Scrap is becoming a critical raw material for our steelmaking because recycling is one of the best ways to reduce our CO2 emissions. But the problem with scrap is that it’s – to put it bluntly - scrap. It’s what somebody else has thrown away, making it very hard for us to know exactly what’s in it, what impurities and in what degrees of concentration. That’s very different from using iron ore and a blast furnace, where maintaining consistency is relatively easy.

And these impurities – for example metals like copper, tin, chromium, nickel – can all affect the qualities of the end-product. The ultimate challenge is to be able to make advanced steels from scrap, and AI is making a huge difference in helping us get there. We use it at every stage in the scrap process, from purchasing and procurement, to analysing for impurities, to looking at the effect on quality of different combinations of impurities at different levels.

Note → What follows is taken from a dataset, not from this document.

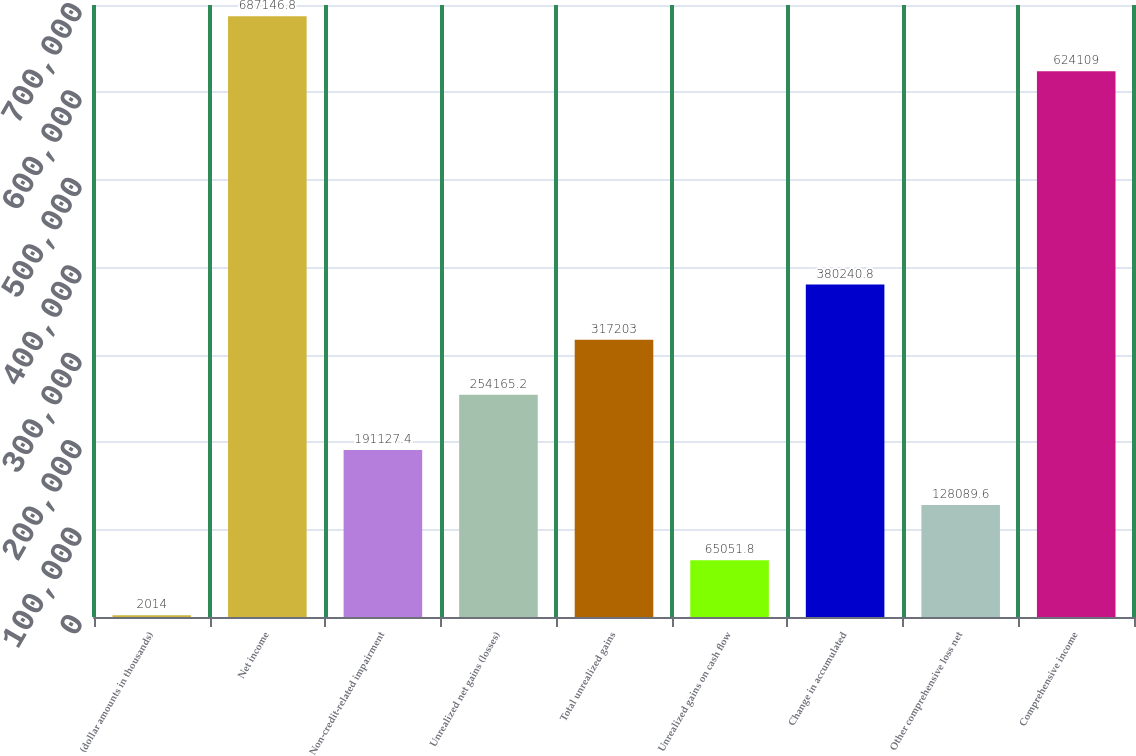<chart> <loc_0><loc_0><loc_500><loc_500><bar_chart><fcel>(dollar amounts in thousands)<fcel>Net income<fcel>Non-credit-related impairment<fcel>Unrealized net gains (losses)<fcel>Total unrealized gains<fcel>Unrealized gains on cash flow<fcel>Change in accumulated<fcel>Other comprehensive loss net<fcel>Comprehensive income<nl><fcel>2014<fcel>687147<fcel>191127<fcel>254165<fcel>317203<fcel>65051.8<fcel>380241<fcel>128090<fcel>624109<nl></chart>

And because we’re using millions of tonnes of scrap around the world to make millions of tonnes of steel, we have vast datasets that can be mined to improve our understanding. The sheer scale of our data gathering is one of the things that sets ArcelorMittal apart.

And what about the humans behind this artificial intelligence? Are they all 20-something maths geniuses?

Not at all! I was a 20-something when I first joined ArcelorMittal in the 2000s. But now I’m 49, having been with the company for 18 years. Of course, we have people in their early twenties, with PhDs in advanced modelling, statistics, computer science or machine learning. But they are junior engineers, junior researchers.

The important thing is that we offer them challenges and opportunities to grow and develop. And they get to collaborate with people who have the domain knowledge, who know about our products and who have worked for the company for a long time. It’s a great knowledge combination.

And our AI focus doesn’t just reside in R&D. We now have AI teams across the group in each of our segments. It really is a joint effort between R&D, our CTO teams, IT, and those segment teams. We’re really focussed on taking advantage of our scale. The segments typically take R&D developed models for core components in our mills, while we in R&D focus on new breakthroughs and watching advancements in the AI market so we can continue to develop new or improved AI solutions for the group. It’s a fascinating and fast-moving space, and one that I’m sure will offer a huge range of differentiation for our company in the decades ahead.